If you've searched for an SSDI benefits calculator, you're asking a reasonable question: what will I actually receive each month? The honest answer is that no online tool can give you a precise number — but understanding the formula Social Security uses gets you much closer than a guess.
SSDI is not a flat benefit. It's not based on your disability severity, your financial need, or how long you've been sick. It's based almost entirely on your earnings history — specifically, how much you paid into Social Security over your working life.
The SSA calculates your benefit using a figure called your AIME — Average Indexed Monthly Earnings. This takes your highest-earning 35 years of covered work, adjusts those wages for inflation, and averages them into a single monthly figure.
From your AIME, the SSA then applies a formula to produce your PIA — Primary Insurance Amount. This is the baseline number your SSDI benefit is built on.
The PIA formula uses bend points — income thresholds that replace different percentages of your earnings:
| Earnings Tier | Replacement Rate |
|---|---|
| First ~$1,174/month of AIME | 90% |
| Between ~$1,174 and ~$7,078/month | 32% |
| Above ~$7,078/month | 15% |
(These bend points adjust annually. The figures above reflect approximate 2024 values.)
This structure is intentionally progressive — lower earners receive a higher percentage of their past wages than higher earners do.
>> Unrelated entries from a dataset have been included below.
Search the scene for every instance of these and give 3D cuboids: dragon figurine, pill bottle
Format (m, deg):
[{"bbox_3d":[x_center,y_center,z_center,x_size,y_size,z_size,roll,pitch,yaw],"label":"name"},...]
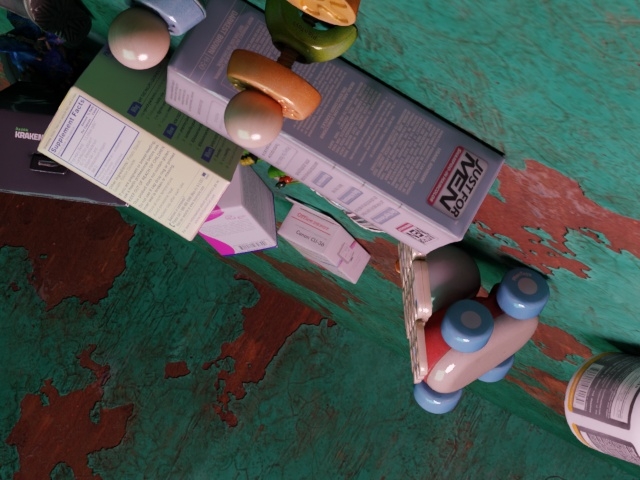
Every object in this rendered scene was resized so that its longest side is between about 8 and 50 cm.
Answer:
[{"bbox_3d":[-0.476,-0.320,2.035,0.289,0.085,0.144,24,169,27],"label":"dragon figurine"},{"bbox_3d":[0.502,0.261,1.913,0.162,0.162,0.278,33,171,-20],"label":"pill bottle"}]

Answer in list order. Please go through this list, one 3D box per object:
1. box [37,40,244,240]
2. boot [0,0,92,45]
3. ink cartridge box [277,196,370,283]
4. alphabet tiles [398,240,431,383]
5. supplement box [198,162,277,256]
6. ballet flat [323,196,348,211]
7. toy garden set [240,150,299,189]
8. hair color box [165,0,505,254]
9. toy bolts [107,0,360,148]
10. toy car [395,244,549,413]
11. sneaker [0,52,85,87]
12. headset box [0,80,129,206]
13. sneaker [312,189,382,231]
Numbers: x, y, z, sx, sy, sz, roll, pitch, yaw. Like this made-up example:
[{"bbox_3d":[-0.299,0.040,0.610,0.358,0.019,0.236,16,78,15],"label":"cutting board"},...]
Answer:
[{"bbox_3d":[-0.231,-0.150,1.766,0.243,0.117,0.213,32,-149,-10],"label":"box"},{"bbox_3d":[-0.439,-0.360,1.794,0.208,0.076,0.189,34,170,16],"label":"boot"},{"bbox_3d":[0.000,0.000,2.362,0.115,0.067,0.198,25,169,32],"label":"ink cartridge box"},{"bbox_3d":[0.125,0.048,1.712,0.021,0.278,0.284,-4,169,-1],"label":"alphabet tiles"},{"bbox_3d":[-0.161,-0.062,2.263,0.111,0.114,0.220,-10,161,11],"label":"supplement box"},{"bbox_3d":[-0.011,-0.125,1.737,0.221,0.077,0.079,41,-175,-31],"label":"ballet flat"},{"bbox_3d":[-0.130,-0.148,2.008,0.244,0.049,0.204,32,171,-14],"label":"toy garden set"},{"bbox_3d":[0.008,-0.130,1.478,0.374,0.114,0.185,31,171,-4],"label":"hair color box"},{"bbox_3d":[-0.088,-0.202,1.225,0.228,0.158,0.218,31,171,-6],"label":"toy bolts"},{"bbox_3d":[0.186,0.093,1.915,0.238,0.210,0.219,50,150,24],"label":"toy car"},{"bbox_3d":[-0.398,-0.245,2.197,0.341,0.125,0.139,44,126,-16],"label":"sneaker"},{"bbox_3d":[-0.393,-0.154,1.995,0.246,0.131,0.283,7,-165,-2],"label":"headset box"},{"bbox_3d":[0.047,-0.067,1.856,0.170,0.063,0.075,32,178,15],"label":"sneaker"}]
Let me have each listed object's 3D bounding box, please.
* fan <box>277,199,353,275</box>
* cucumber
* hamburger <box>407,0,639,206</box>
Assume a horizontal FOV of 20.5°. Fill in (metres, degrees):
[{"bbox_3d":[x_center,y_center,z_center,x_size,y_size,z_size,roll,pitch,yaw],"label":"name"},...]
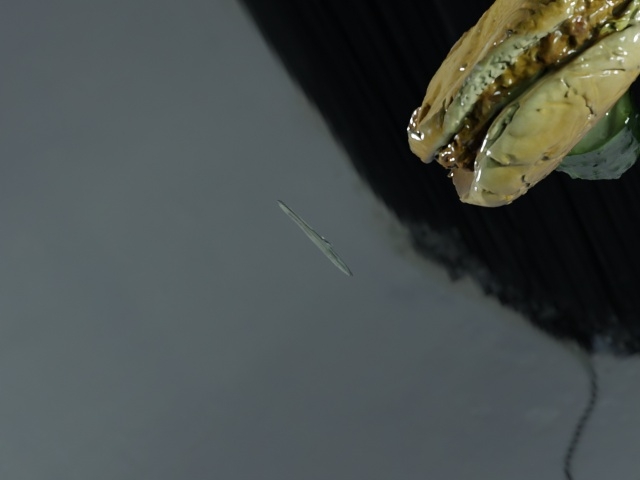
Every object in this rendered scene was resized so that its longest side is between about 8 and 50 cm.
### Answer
[{"bbox_3d":[-0.006,-0.005,1.002,0.003,0.080,0.060,-45,71,-4],"label":"fan"},{"bbox_3d":[0.321,-0.125,2.067,0.134,0.244,0.134,-7,71,19],"label":"cucumber"},{"bbox_3d":[0.211,-0.169,1.719,0.283,0.145,0.259,-54,5,31],"label":"hamburger"}]
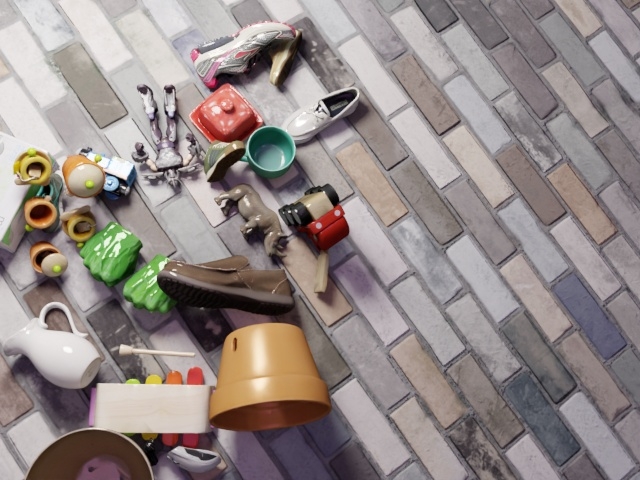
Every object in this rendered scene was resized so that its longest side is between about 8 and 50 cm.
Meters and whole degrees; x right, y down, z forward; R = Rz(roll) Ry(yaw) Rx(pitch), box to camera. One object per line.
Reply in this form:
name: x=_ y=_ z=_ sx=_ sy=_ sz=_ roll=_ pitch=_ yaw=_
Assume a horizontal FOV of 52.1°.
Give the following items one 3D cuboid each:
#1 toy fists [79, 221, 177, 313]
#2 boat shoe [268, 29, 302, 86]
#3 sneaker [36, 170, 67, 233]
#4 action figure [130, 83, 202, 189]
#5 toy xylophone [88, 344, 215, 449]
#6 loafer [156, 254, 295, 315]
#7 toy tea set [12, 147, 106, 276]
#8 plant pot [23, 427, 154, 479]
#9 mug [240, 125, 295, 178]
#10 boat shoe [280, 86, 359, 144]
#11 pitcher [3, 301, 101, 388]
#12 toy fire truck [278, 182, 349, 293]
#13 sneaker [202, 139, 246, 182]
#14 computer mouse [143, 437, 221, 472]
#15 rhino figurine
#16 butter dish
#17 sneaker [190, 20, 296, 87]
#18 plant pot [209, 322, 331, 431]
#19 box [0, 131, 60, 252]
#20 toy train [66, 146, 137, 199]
toy fists: x=-0.481 y=0.082 z=1.674 sx=0.279 sy=0.096 sz=0.142 roll=36 pitch=60 yaw=0
boat shoe: x=-0.116 y=-0.525 z=1.878 sx=0.072 sy=0.068 sz=0.190 roll=18 pitch=67 yaw=9
sneaker: x=-0.696 y=-0.097 z=1.669 sx=0.064 sy=0.076 sz=0.167 roll=15 pitch=101 yaw=15
action figure: x=-0.420 y=-0.273 z=1.759 sx=0.185 sy=0.099 sz=0.285 roll=-10 pitch=83 yaw=-15
toy xylophone: x=-0.409 y=0.386 z=1.626 sx=0.322 sy=0.081 sz=0.236 roll=11 pitch=77 yaw=-6
loafer: x=-0.239 y=0.102 z=1.671 sx=0.365 sy=0.133 sz=0.130 roll=15 pitch=60 yaw=-29
toy tea set: x=-0.630 y=-0.063 z=1.608 sx=0.199 sy=0.124 sz=0.336 roll=-11 pitch=121 yaw=-33
plant pot: x=-0.517 y=0.575 z=1.515 sx=0.283 sy=0.191 sz=0.284 roll=2 pitch=77 yaw=-7
mug: x=-0.148 y=-0.242 z=1.789 sx=0.157 sy=0.097 sz=0.130 roll=28 pitch=76 yaw=-1
boat shoe: x=-0.003 y=-0.361 z=1.842 sx=0.258 sy=0.084 sz=0.095 roll=-35 pitch=85 yaw=-14
pitcher: x=-0.635 y=0.256 z=1.611 sx=0.207 sy=0.125 sz=0.178 roll=26 pitch=60 yaw=9
toy fire truck: x=0.000 y=0.000 z=1.712 sx=0.158 sy=0.217 sz=0.246 roll=-34 pitch=100 yaw=-13
sneaker: x=-0.265 y=-0.231 z=1.730 sx=0.064 sy=0.192 sz=0.086 roll=-9 pitch=73 yaw=-36
computer mouse: x=-0.339 y=0.535 z=1.601 sx=0.192 sy=0.106 sz=0.042 roll=13 pitch=42 yaw=-9
rhino figurine: x=-0.169 y=-0.051 z=1.759 sx=0.106 sy=0.073 sz=0.243 roll=-40 pitch=88 yaw=-11
butter dish: x=-0.255 y=-0.349 z=1.785 sx=0.160 sy=0.118 sz=0.160 roll=-43 pitch=88 yaw=-14
sneaker: x=-0.206 y=-0.524 z=1.832 sx=0.299 sy=0.121 sz=0.112 roll=-21 pitch=94 yaw=5
plant pot: x=-0.130 y=0.330 z=1.595 sx=0.290 sy=0.291 sz=0.204 roll=-4 pitch=62 yaw=-9
box: x=-0.834 y=-0.136 z=1.655 sx=0.231 sy=0.127 sz=0.262 roll=23 pitch=75 yaw=-1
toy train: x=-0.580 y=-0.181 z=1.726 sx=0.184 sy=0.080 sz=0.105 roll=21 pitch=68 yaw=0
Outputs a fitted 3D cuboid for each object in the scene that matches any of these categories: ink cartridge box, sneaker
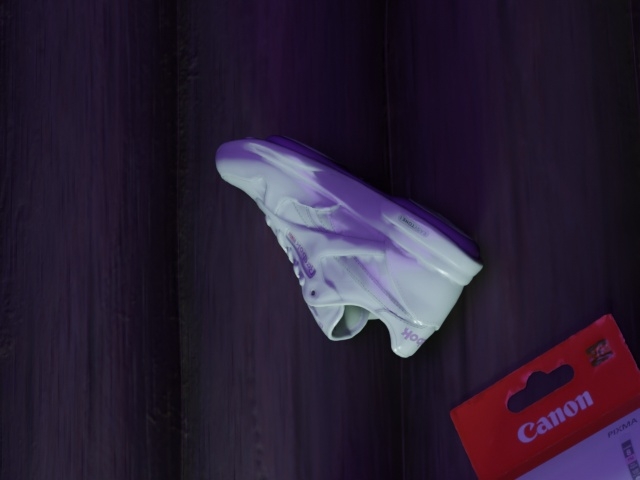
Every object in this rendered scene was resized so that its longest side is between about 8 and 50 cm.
[{"bbox_3d":[0.217,0.204,1.709,0.189,0.066,0.232,-34,68,21],"label":"ink cartridge box"},{"bbox_3d":[0.000,0.000,1.852,0.305,0.114,0.152,30,94,33],"label":"sneaker"}]
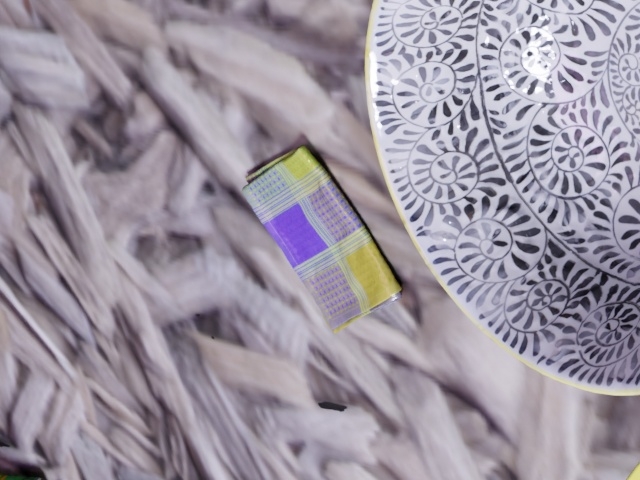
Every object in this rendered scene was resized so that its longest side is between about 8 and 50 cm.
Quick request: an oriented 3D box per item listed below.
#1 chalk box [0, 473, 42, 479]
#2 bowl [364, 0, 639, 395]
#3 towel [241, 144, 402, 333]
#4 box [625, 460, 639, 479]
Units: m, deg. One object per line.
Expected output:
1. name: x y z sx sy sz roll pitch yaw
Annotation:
1. chalk box: -0.288 0.293 1.121 0.180 0.289 0.179 -5 114 50
2. bowl: 0.100 -0.041 0.597 0.170 0.080 0.170 33 135 40
3. towel: 0.000 0.000 0.808 0.060 0.009 0.083 -26 97 54
4. box: 0.169 0.042 0.588 0.058 0.087 0.232 44 143 18
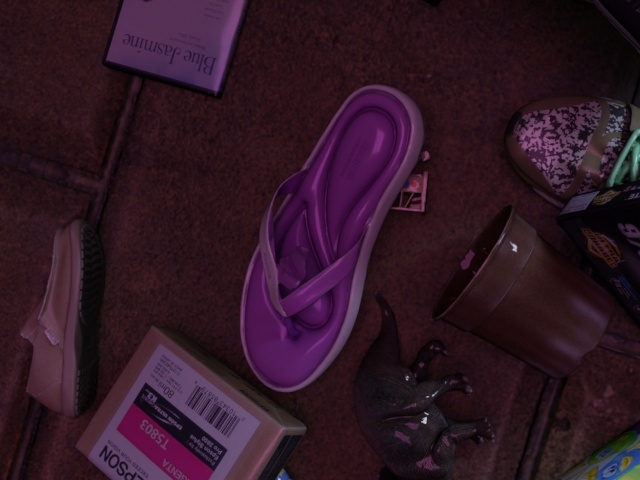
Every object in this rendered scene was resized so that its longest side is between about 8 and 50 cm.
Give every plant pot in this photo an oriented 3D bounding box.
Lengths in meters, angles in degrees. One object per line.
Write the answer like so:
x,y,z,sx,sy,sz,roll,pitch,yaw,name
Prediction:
0.249,0.070,0.958,0.165,0.167,0.167,34,93,0,plant pot

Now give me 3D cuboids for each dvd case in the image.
-0.187,-0.341,1.104,0.180,0.022,0.253,17,91,9,dvd case

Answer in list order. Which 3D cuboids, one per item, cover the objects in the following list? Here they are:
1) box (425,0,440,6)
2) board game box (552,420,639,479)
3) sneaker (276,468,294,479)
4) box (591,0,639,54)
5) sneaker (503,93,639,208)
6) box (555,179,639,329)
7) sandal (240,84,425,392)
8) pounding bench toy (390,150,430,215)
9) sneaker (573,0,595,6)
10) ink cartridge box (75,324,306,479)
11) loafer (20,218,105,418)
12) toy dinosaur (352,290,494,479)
0.137,-0.424,1.028,0.147,0.077,0.180,33,93,9,box
0.353,0.334,0.930,0.275,0.144,0.142,-37,82,5,board game box
-0.102,0.344,1.050,0.144,0.053,0.059,-39,77,1,sneaker
0.399,-0.490,0.757,0.472,0.297,0.480,45,67,-2,box
0.415,-0.074,0.917,0.410,0.182,0.158,23,91,10,sneaker
0.396,0.029,0.889,0.220,0.175,0.051,49,65,-14,box
-0.013,-0.006,0.996,0.169,0.102,0.417,27,100,27,sandal
0.107,-0.078,1.031,0.065,0.052,0.083,6,89,9,pounding bench toy
0.302,-0.473,0.969,0.145,0.147,0.385,-17,85,7,sneaker
-0.167,0.252,1.017,0.234,0.088,0.193,32,89,22,ink cartridge box
-0.353,0.104,1.071,0.091,0.102,0.269,4,89,3,loafer
0.110,0.218,0.987,0.160,0.121,0.314,-22,89,-6,toy dinosaur
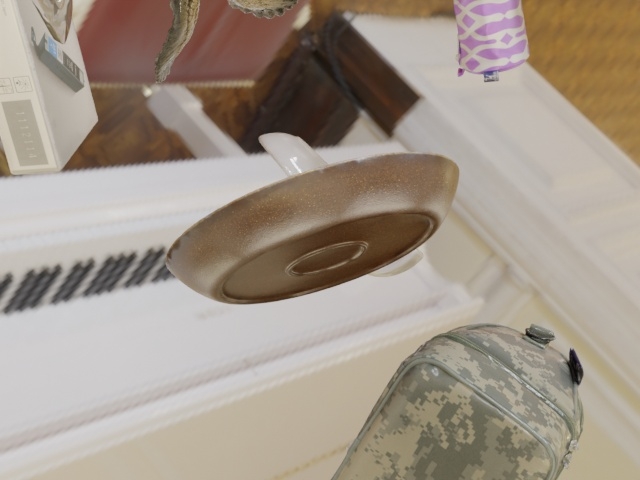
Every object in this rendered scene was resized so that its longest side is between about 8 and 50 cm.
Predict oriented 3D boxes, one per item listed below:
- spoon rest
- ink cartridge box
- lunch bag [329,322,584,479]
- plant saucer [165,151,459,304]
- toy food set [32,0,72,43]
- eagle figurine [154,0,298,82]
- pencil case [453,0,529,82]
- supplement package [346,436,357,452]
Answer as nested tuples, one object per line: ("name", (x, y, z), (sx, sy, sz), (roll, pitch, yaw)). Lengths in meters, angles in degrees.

The SSA provides two legitimate resources worth knowing about:
My Social Security account (at ssa.gov) lets you view your actual earnings record and see an estimated benefit figure the SSA has already calculated based on your real data. This is the most accurate estimate most people can access before filing.
The SSA's online SSDI estimator can give you a rough projection, but it uses assumptions about your future work history that may not apply if you've already stopped working due to disability.
Neither tool is a calculator you fill in from scratch — they draw from SSA records. That's important, because any third-party "SSDI calculator" that asks you to enter numbers manually is producing a rough approximation, not an official figure.
Your PIA is the starting point, but several factors can change what you actually receive:
Years in the workforce. The AIME formula uses 35 years of earnings. If you worked fewer than 35 years, the SSA fills in zeros for missing years — pulling your average down. Someone who became disabled early in their career typically receives less than someone with a longer work history.
Earnings level. Higher lifetime wages produce a higher AIME, which produces a higher benefit — but with diminishing returns at the upper bend point.
Age at onset. SSDI benefits are not reduced for age the way early Social Security retirement benefits are. But if you apply at a younger age with fewer work years, your earnings history may be shorter.
Family benefits. If you have a spouse or dependent children, they may qualify for auxiliary benefits based on your record. Each eligible family member can receive up to 50% of your PIA, subject to a family maximum — typically between 150% and 180% of your PIA total.
Offsets and reductions. If you receive workers' compensation or certain public disability benefits, your SSDI payment may be reduced through what's called a workers' comp offset. SSI recipients may also see adjustments based on income and resources, though SSI and SSDI are separate programs with different rules.
Cost-of-living adjustments (COLAs). Once approved, your benefit is not frozen. The SSA adjusts SSDI payments annually based on inflation. In recent years, COLAs have ranged from modest to significant — but they are announced each October and are not guaranteed to be any specific amount.
As of 2024, the average SSDI payment for a disabled worker is approximately $1,537 per month. That number gets cited often — but it describes the middle of a wide range, not a reliable prediction for any individual.
Some recipients receive less than $800/month. Others receive more than $2,000/month. The spread is wide because it reflects decades of varied earnings histories across millions of people.
The maximum possible SSDI benefit in 2024 is $3,822/month — but reaching that figure requires a sustained, high-earning work history. Most recipients fall well below that ceiling.
Here's what online calculators cannot account for: your actual SSA earnings record, any gaps or errors in that record, whether you're currently working and how that affects your AIME projection, how auxiliary benefits apply to your family structure, and whether any offsets apply to your situation.
The formula itself is consistent and public. The inputs — your specific earnings record, your work history timeline, your household — are unique to you.
That's the gap no general calculator closes. Understanding how the math works is genuinely useful. Knowing exactly where your numbers land inside that formula requires the SSA to run them against your actual record.